Although the RBI is adequately equipped with specialized departments for these tasks, there is not yet a fintech department, but only a department, so the questions of effectiveness and long-term commitment remain open.
India is caught between the urgent need to regulate cryptocurrencies and the precise formulation of the bill through wide-ranging discussions that take time.
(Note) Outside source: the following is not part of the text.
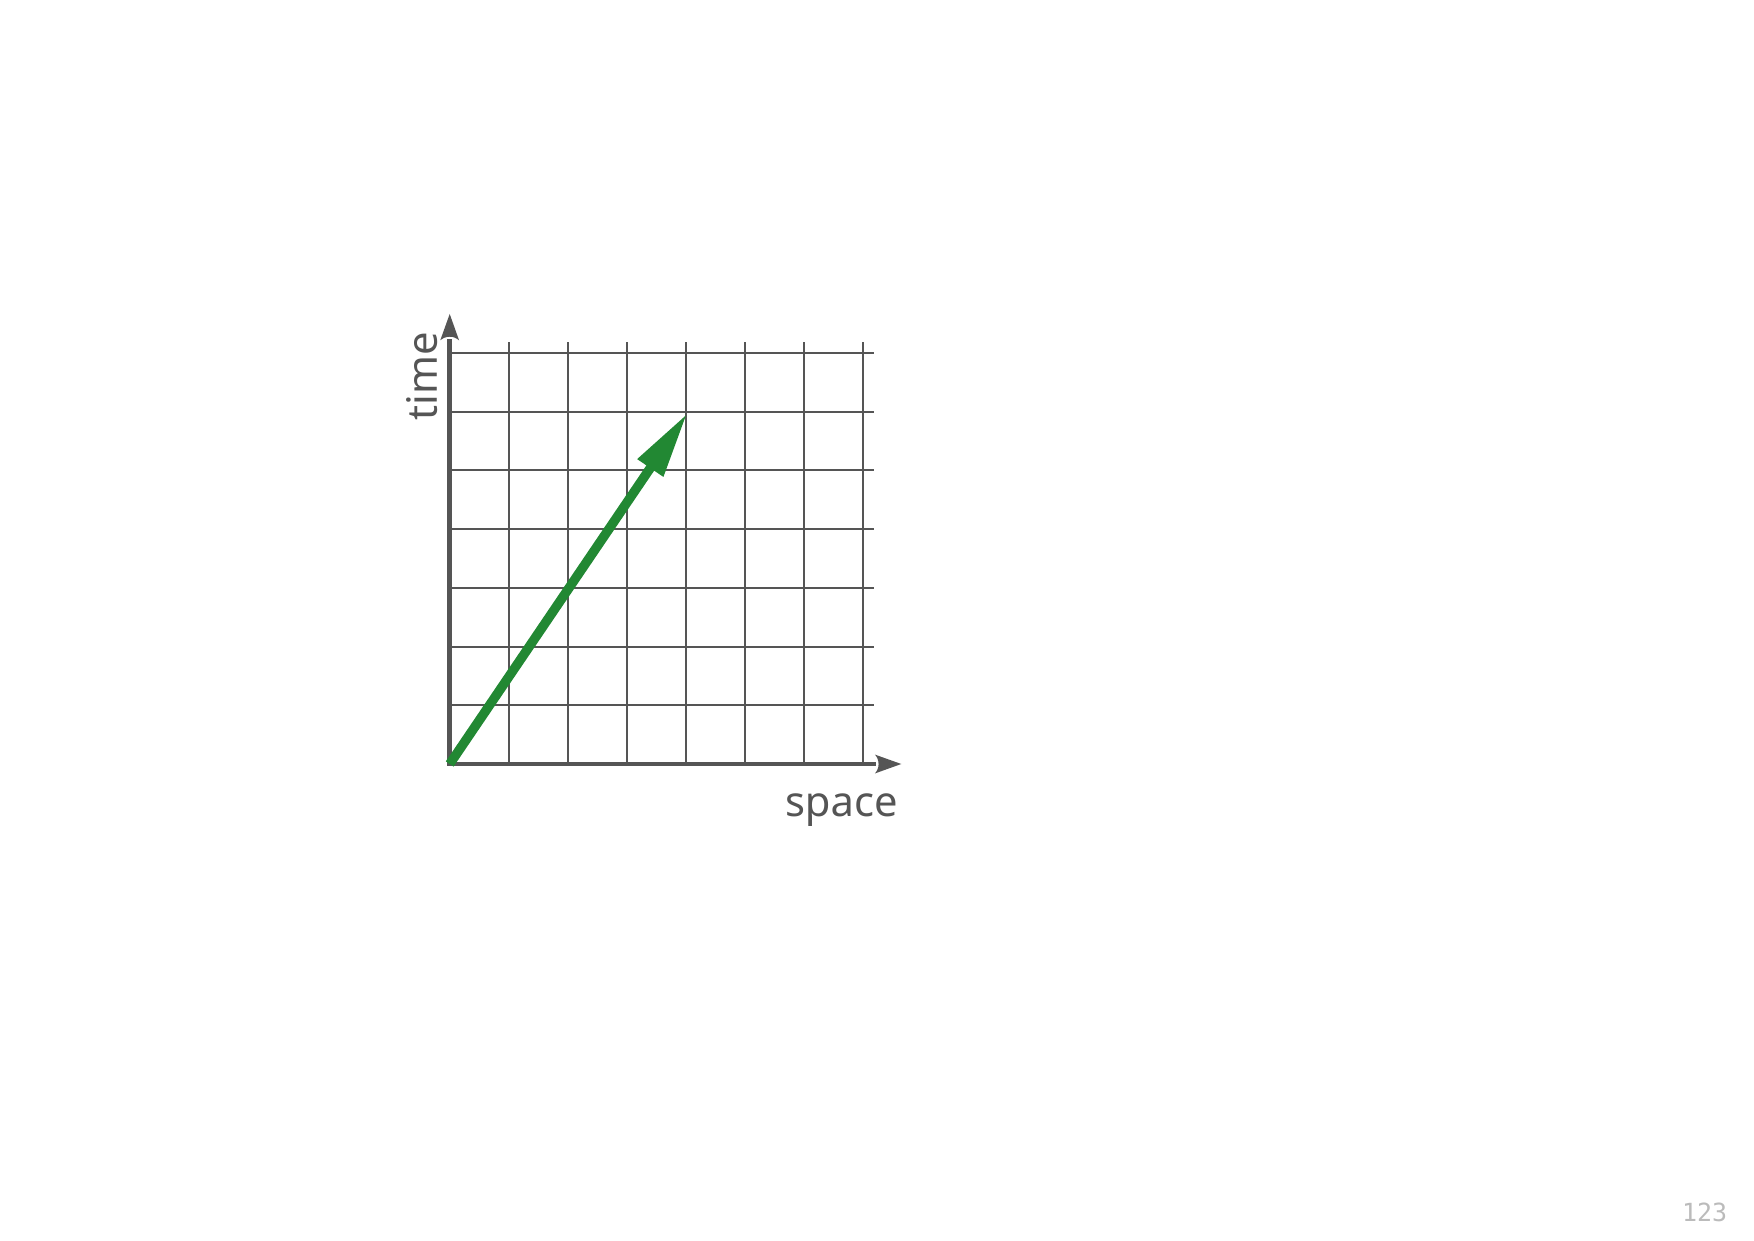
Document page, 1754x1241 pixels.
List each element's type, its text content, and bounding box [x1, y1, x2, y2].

text_box space [770, 764, 903, 821]
text_box time [384, 322, 442, 436]

This cheat 22 situation can be seen at the RBI board meeting last week. The board members asked for a presentation on RBI’s position on cryptocurrencies because “the sense of urgency for the different quarter’s increases and therefore the timing of the presentation is not aimless,” said at least one person with experience. The other suggested that the presentation be “part of the comprehensive and comfortable dialogue between the government and the RBI on cryptocurrencies.”
RBI has told its board of directors that it intends to ban all cryptocurrencies, a position that has not changed since its 2018 notice that imposed a similar ban until the Supreme Court of India overturned it last year.
Although the prevailing view at the board meeting was that cryptocurrencies “cannot be ignored” and that “a lot of consideration is required from all parties involved” before regulations can be implemented, two people familiar with the matter said.
“The Indian government is still grappling with several open issues, including capital controls and taxes, arising from the complexity of crypto business models and the technology behind them,” Sharan said.
Widespread consultation is the government’s mantra for the future, and the government tends to pass laws only when there is some kind of national consensus, motivated by stakeholder consensus. Five experts, who spoke to CoinDesk separately, agree with the three sources who said that the crypto law could last until at least May.
“I don’t see the government introducing the bill in parliament without first seeking public comment,” said Rashmi Deshpande, a legal expert who has worked with crypto advocates and issued opinions. on his behalf to the government.
“Remember that the Supreme Court ruling removed RBI for failing to consult with stakeholders before banning banks from offering cryptocurrency exchange services,” Deshpande said.
This would follow a greater balance between the reach of cryptocurrencies and global trends and a design around cryptocurrencies. It would also correspond to the geopolitical development of a new world order with an expansionist China.
India faces a number of international security threats affecting not only Pakistan but also increasing tensions with China. So the concern is whether the cryptocurrency path can be used to raise more international security concerns.
India is also concerned that a Chinese digital yuan could pose an economic threat to India’s own CBDC (central bank digital currency). China’s concern is that India has missed the artificial intelligence bus and may miss out on a digital revolution that cryptocurrency could deliver.
India’s regulatory framework aims to counter the growing conflicts over cryptocurrencies and their potential militarization.